ENTRIES SHOWN:
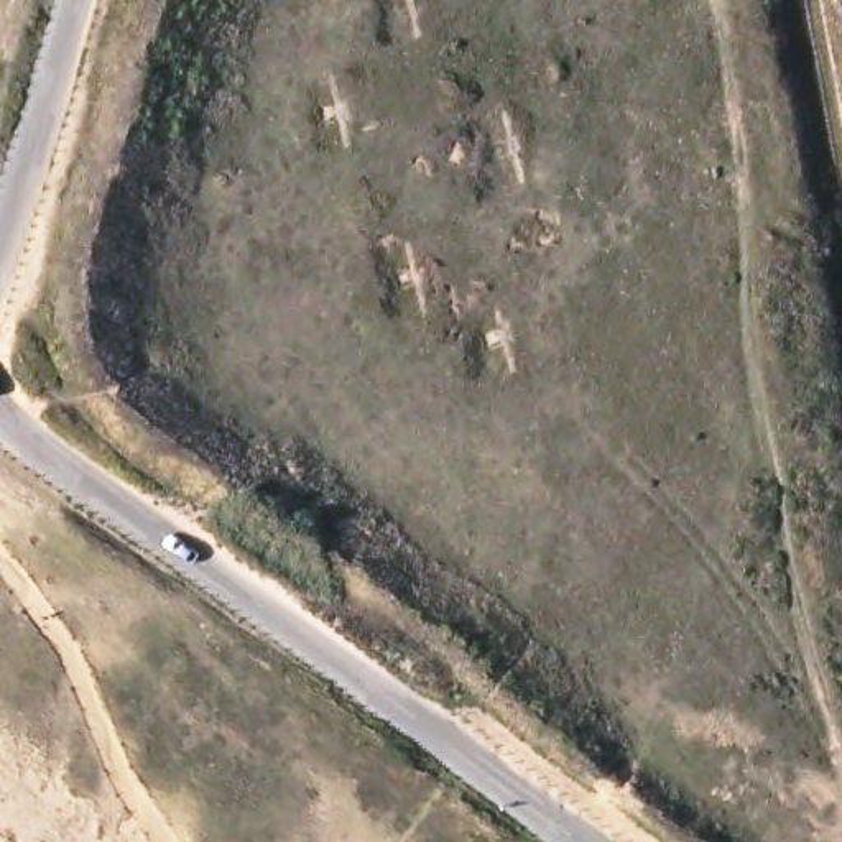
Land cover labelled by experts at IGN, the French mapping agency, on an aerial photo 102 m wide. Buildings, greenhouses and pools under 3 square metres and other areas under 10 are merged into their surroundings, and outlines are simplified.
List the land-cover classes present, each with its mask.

...

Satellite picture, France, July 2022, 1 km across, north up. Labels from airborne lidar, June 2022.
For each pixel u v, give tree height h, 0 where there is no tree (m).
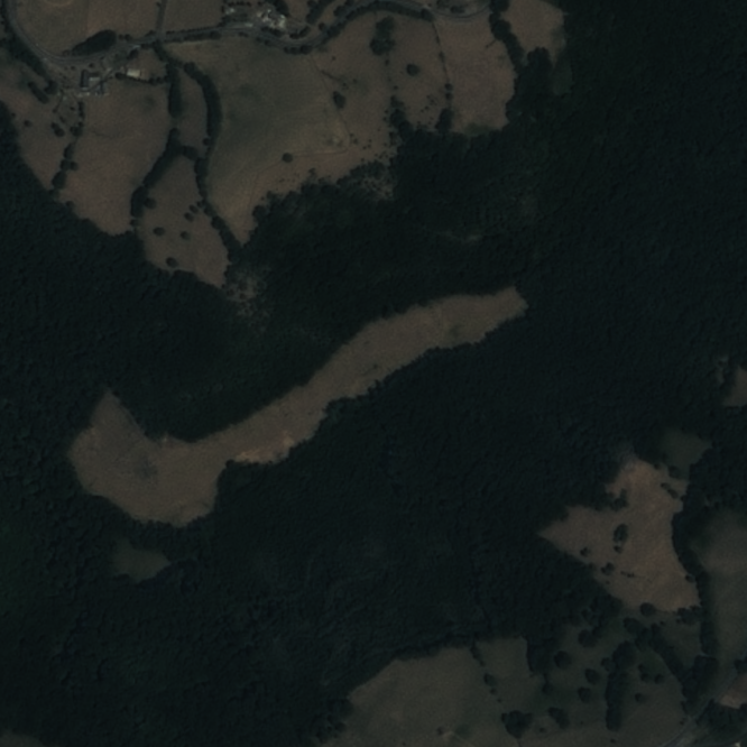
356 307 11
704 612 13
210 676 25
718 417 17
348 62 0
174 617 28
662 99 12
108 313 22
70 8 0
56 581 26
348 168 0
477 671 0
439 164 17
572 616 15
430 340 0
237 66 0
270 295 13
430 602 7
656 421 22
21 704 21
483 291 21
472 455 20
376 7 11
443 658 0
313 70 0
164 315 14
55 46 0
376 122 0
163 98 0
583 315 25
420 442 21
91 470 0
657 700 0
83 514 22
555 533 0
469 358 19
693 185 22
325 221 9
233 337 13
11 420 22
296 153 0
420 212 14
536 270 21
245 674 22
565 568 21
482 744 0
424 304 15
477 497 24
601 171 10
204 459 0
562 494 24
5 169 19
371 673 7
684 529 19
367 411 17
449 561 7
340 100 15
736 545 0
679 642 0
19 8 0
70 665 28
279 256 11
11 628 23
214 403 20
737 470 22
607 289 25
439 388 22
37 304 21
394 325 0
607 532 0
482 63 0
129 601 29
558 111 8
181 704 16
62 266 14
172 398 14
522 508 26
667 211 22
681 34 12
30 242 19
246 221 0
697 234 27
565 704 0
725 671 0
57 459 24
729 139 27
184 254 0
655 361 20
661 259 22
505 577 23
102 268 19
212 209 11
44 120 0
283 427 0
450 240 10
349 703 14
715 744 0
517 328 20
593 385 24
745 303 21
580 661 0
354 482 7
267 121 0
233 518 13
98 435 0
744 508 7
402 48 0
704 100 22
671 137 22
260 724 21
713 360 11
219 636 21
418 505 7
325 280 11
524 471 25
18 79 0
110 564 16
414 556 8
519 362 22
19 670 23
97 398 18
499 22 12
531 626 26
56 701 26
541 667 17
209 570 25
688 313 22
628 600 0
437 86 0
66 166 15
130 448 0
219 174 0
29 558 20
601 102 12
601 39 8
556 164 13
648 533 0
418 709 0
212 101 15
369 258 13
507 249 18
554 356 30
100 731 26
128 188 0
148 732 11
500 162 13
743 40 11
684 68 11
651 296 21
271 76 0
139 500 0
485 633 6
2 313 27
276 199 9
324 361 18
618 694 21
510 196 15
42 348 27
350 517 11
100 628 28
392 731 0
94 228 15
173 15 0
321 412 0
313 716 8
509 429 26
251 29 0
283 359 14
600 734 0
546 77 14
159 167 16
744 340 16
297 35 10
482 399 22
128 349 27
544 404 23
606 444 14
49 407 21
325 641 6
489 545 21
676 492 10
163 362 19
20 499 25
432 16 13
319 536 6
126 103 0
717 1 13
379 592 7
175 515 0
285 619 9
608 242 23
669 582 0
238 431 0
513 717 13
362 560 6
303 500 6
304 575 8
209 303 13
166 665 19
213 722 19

HOW TO COMPLETE THIS TASK: In the entries above, tally the lines that hold the string "cover" and give only the count.

RESULT OF THE TASK: 2